While the three women were chatting over lunch, Alex showed up at the church, slightly out of breath.
Catching sight of Lois, he walked quickly over to the table. "Lois, I was about to phone you. I've just seen the two guys that Sarah was talking about."
"Where? Let's go, Alex. We've got to follow them."
"Where's your partner?" Alex sounded doubtful. "I'd feel better if he were here too."
"He's, ah, on another story." The truth was that Clark had picked up a news bulletin about a major storm in the North Sea that was threatening to wipe out the oil platforms there, endangering the lives of the workers who lived on them. "He'll be here later, if he gets time. Sarah can let Henderson know where we've gone," Lois said as she and Alex rushed out of the church. Of course, since neither of them had left any specific information about their destination, this would be difficult. Lois Lane, on the trail of a big story, was not always logical about details.

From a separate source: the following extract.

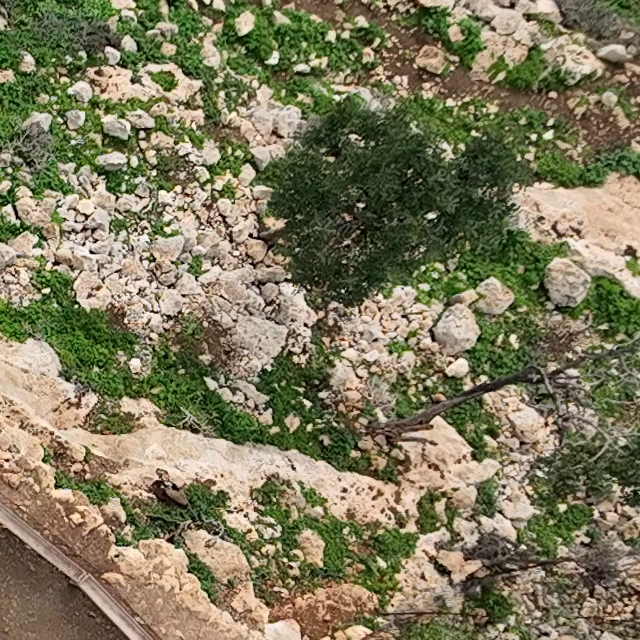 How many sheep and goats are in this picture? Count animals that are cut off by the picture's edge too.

1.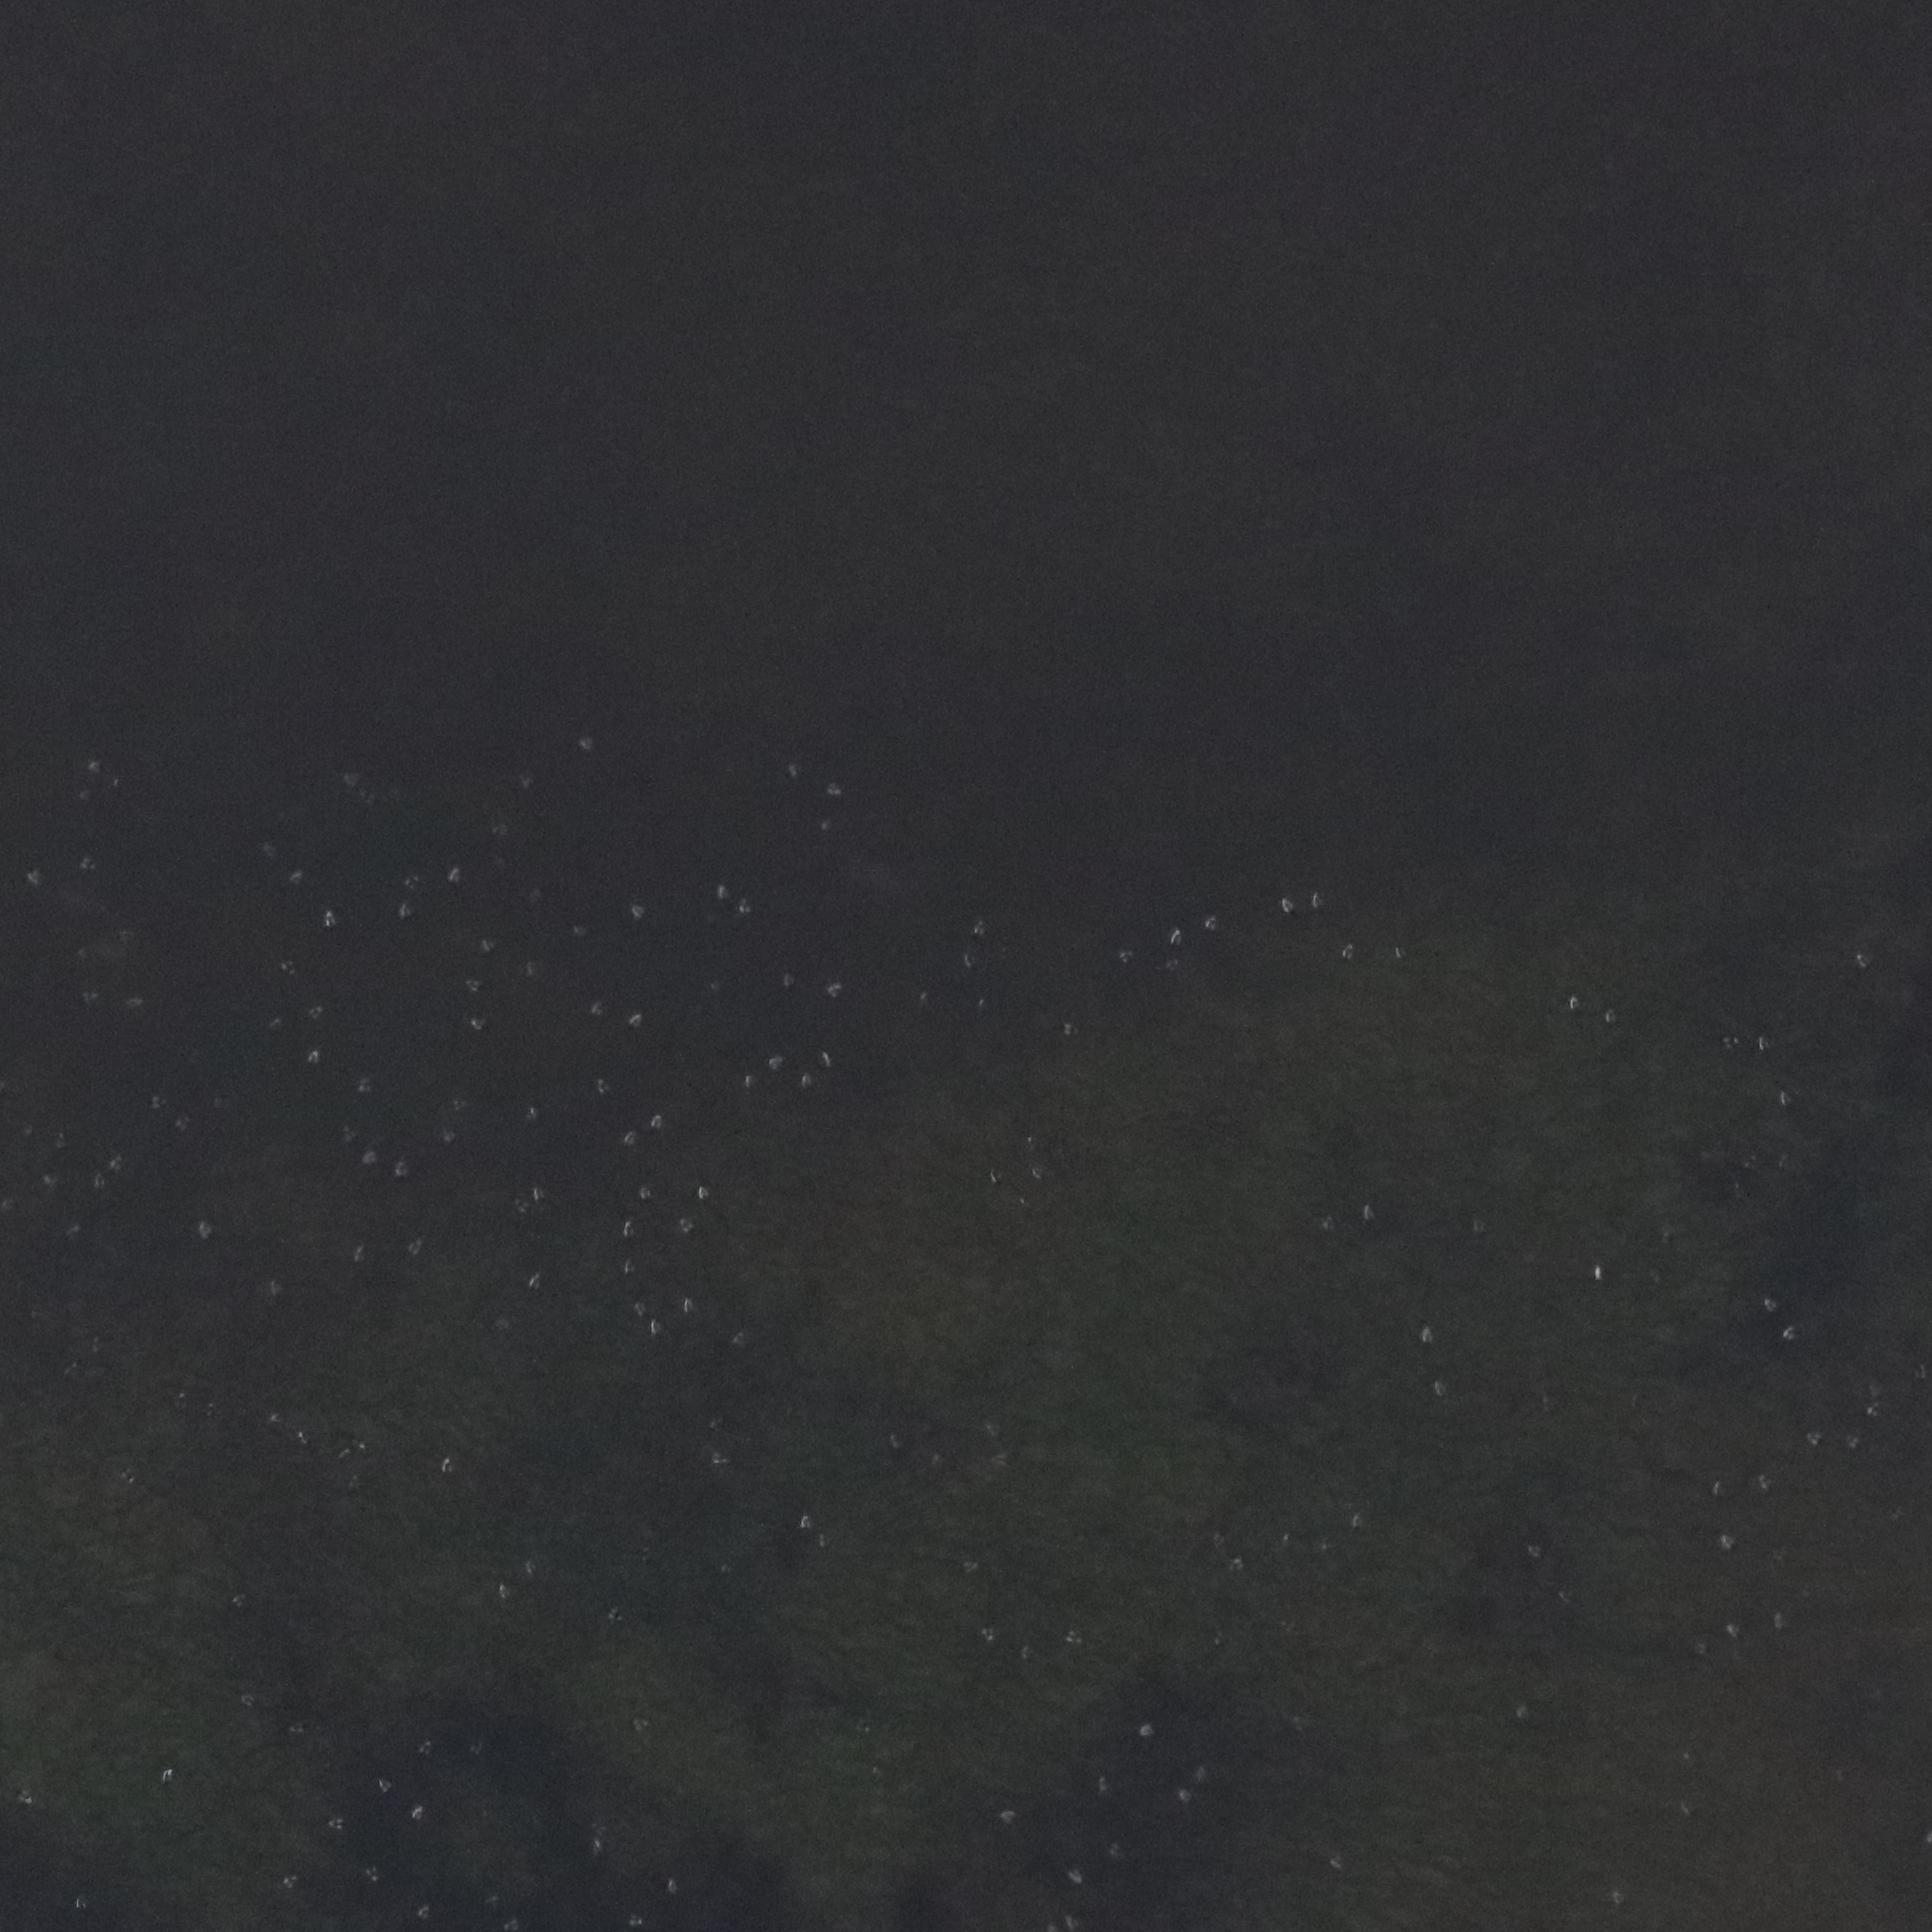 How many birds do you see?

185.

"I saw these guys getting out of a van a couple of blocks from here. I went over to get a closer look, and I spotted the snake tattoo on one guy's hand." Alex was excited and he rushed his words. "I figured I'd better call you and the shelter was just around the corner."
They jogged the two blocks to where Alex had seen the men and spotted them turning into a side street not far from the squats. "O.K., Alex, let's take it easy here." They slowed down, keeping far enough back so they wouldn't be noticed, but close enough to see their quarry stop in the middle of the sidewalk up ahead. Lois pulled Alex into the doorway of a boarded up store on their right.
The two men halted in front of an iron grate in the sidewalk and then looked up and down the deserted street.
Seeing no one, the taller of the two men pried the grate open and they both lowered themselves into it, disappearing from sight.
"Alex, I'm going down there. You go back to the shelter and tell Henderson when he gets there," Lois whispered as she peered around the store's doorframe.
"You can't do that." Alex's voice had risen a decibel. "I'm coming with you."
"It's O.K., Alex, I've done this before. I'll be careful. What I need you to do is tell Henderson." She looked at him as she spoke, her voice confident, willing him to go.
Alex hesitated and then made up his mind. Briefly, he touched her shoulder. "All right, but I'm back here as soon as I'm done." Turning, he ran back in the direction from which they'd come, his long legs stretching like an ostrich in flight.
Lois pried the grate away from its metal frame and climbed down the iron ladder attached to the side of the shaft which led below the street surface. Jumping down the last two feet, she landed on the dirt floor of a small cave-like area with tunnels going off in two directions. Great, she thought. Which way? Then she noticed the damp earth scuffed in the tunnel to her left and proceeded down it, careful to keep to the wall in case she should be close to her quarry.
After several interminable minutes treading cautiously in the dark, Lois finally heard their voices up ahead although she could not make out what they were saying. Clark, you have it too easy, she told her absent partner. It was difficult walking in the dark and so she kept her right hand on the damp tunnel wall to help her sense where she was going. She wondered if there were rats down here. There were.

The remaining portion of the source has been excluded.